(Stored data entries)
*** Block opens ***

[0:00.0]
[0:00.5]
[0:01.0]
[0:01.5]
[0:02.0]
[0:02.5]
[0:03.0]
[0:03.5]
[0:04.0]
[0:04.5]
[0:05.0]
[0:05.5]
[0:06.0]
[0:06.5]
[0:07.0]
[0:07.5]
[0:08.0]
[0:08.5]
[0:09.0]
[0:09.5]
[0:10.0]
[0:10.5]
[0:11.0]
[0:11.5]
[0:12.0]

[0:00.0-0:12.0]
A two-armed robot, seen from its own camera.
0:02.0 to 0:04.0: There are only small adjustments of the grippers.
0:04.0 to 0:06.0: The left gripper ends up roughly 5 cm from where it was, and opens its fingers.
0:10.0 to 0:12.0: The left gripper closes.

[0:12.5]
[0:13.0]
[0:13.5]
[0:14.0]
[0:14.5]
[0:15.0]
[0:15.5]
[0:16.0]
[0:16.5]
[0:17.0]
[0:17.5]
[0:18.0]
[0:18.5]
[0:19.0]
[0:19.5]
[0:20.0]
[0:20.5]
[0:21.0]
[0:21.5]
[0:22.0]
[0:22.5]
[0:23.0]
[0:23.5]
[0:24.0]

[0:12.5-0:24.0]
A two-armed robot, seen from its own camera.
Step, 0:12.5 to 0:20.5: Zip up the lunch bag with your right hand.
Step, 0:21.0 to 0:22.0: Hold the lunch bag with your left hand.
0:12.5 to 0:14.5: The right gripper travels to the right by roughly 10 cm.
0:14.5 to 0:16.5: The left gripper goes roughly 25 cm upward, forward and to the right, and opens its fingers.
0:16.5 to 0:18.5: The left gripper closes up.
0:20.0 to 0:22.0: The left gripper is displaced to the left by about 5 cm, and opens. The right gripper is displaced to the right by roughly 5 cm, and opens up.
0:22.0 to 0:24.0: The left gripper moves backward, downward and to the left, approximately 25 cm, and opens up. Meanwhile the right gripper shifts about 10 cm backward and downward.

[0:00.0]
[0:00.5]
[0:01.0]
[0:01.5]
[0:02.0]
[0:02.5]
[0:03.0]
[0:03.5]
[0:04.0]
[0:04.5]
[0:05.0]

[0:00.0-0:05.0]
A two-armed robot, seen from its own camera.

*** Block closes ***

## Assignment
Down to the last line, repeat the data exactly.

## Your response
[0:00.0]
[0:00.5]
[0:01.0]
[0:01.5]
[0:02.0]
[0:02.5]
[0:03.0]
[0:03.5]
[0:04.0]
[0:04.5]
[0:05.0]
[0:05.5]
[0:06.0]
[0:06.5]
[0:07.0]
[0:07.5]
[0:08.0]
[0:08.5]
[0:09.0]
[0:09.5]
[0:10.0]
[0:10.5]
[0:11.0]
[0:11.5]
[0:12.0]

[0:00.0-0:12.0]
A two-armed robot, seen from its own camera.
0:02.0 to 0:04.0: There are only small adjustments of the grippers.
0:04.0 to 0:06.0: The left gripper ends up roughly 5 cm from where it was, and opens its fingers.
0:10.0 to 0:12.0: The left gripper closes.

[0:12.5]
[0:13.0]
[0:13.5]
[0:14.0]
[0:14.5]
[0:15.0]
[0:15.5]
[0:16.0]
[0:16.5]
[0:17.0]
[0:17.5]
[0:18.0]
[0:18.5]
[0:19.0]
[0:19.5]
[0:20.0]
[0:20.5]
[0:21.0]
[0:21.5]
[0:22.0]
[0:22.5]
[0:23.0]
[0:23.5]
[0:24.0]

[0:12.5-0:24.0]
A two-armed robot, seen from its own camera.
Step, 0:12.5 to 0:20.5: Zip up the lunch bag with your right hand.
Step, 0:21.0 to 0:22.0: Hold the lunch bag with your left hand.
0:12.5 to 0:14.5: The right gripper travels to the right by roughly 10 cm.
0:14.5 to 0:16.5: The left gripper goes roughly 25 cm upward, forward and to the right, and opens its fingers.
0:16.5 to 0:18.5: The left gripper closes up.
0:20.0 to 0:22.0: The left gripper is displaced to the left by about 5 cm, and opens. The right gripper is displaced to the right by roughly 5 cm, and opens up.
0:22.0 to 0:24.0: The left gripper moves backward, downward and to the left, approximately 25 cm, and opens up. Meanwhile the right gripper shifts about 10 cm backward and downward.

[0:00.0]
[0:00.5]
[0:01.0]
[0:01.5]
[0:02.0]
[0:02.5]
[0:03.0]
[0:03.5]
[0:04.0]
[0:04.5]
[0:05.0]

[0:00.0-0:05.0]
A two-armed robot, seen from its own camera.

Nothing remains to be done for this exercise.